● Your assignment
With every picture left out, restate the listing below exactly as written.

● Records shown
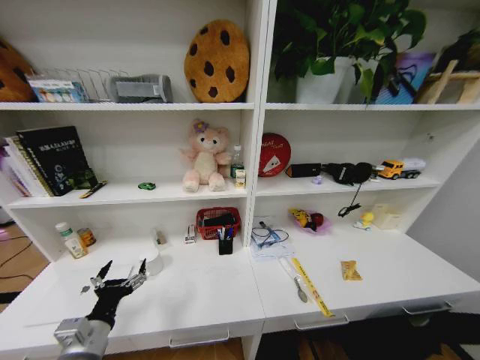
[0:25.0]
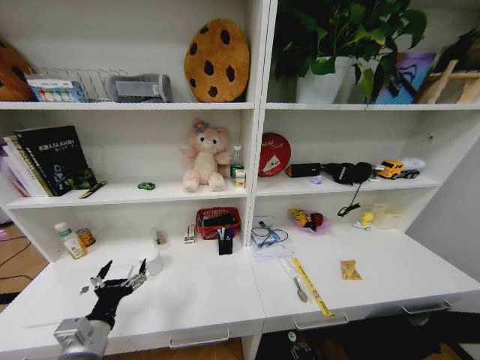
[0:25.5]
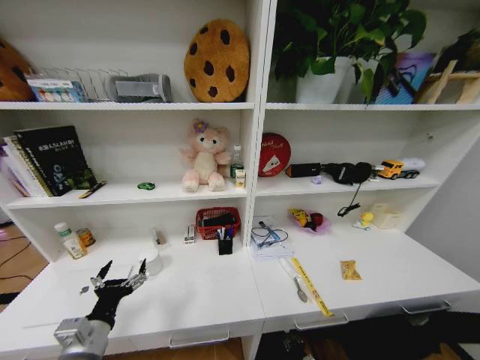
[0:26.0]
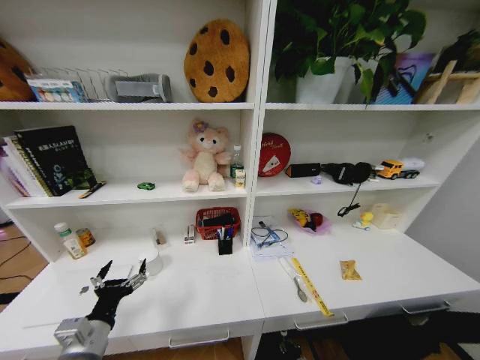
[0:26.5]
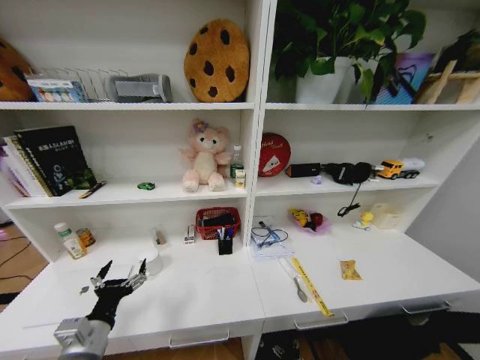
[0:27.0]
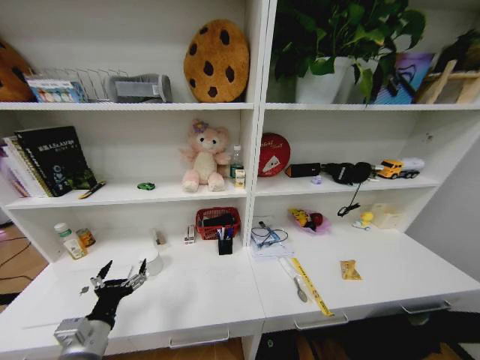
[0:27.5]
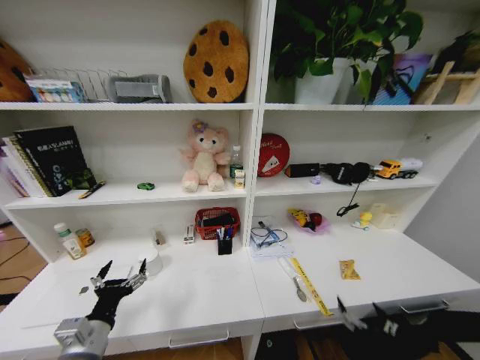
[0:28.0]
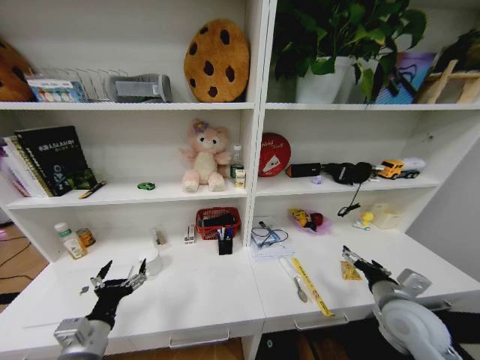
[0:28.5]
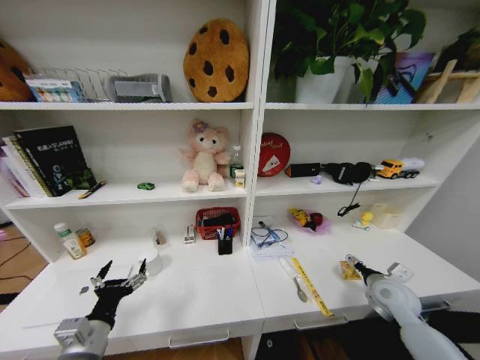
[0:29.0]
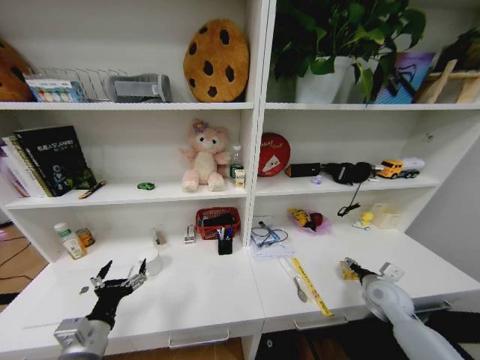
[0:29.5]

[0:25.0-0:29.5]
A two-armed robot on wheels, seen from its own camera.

● Exercise result
[0:25.0]
[0:25.5]
[0:26.0]
[0:26.5]
[0:27.0]
[0:27.5]
[0:28.0]
[0:28.5]
[0:29.0]
[0:29.5]

[0:25.0-0:29.5]
A two-armed robot on wheels, seen from its own camera.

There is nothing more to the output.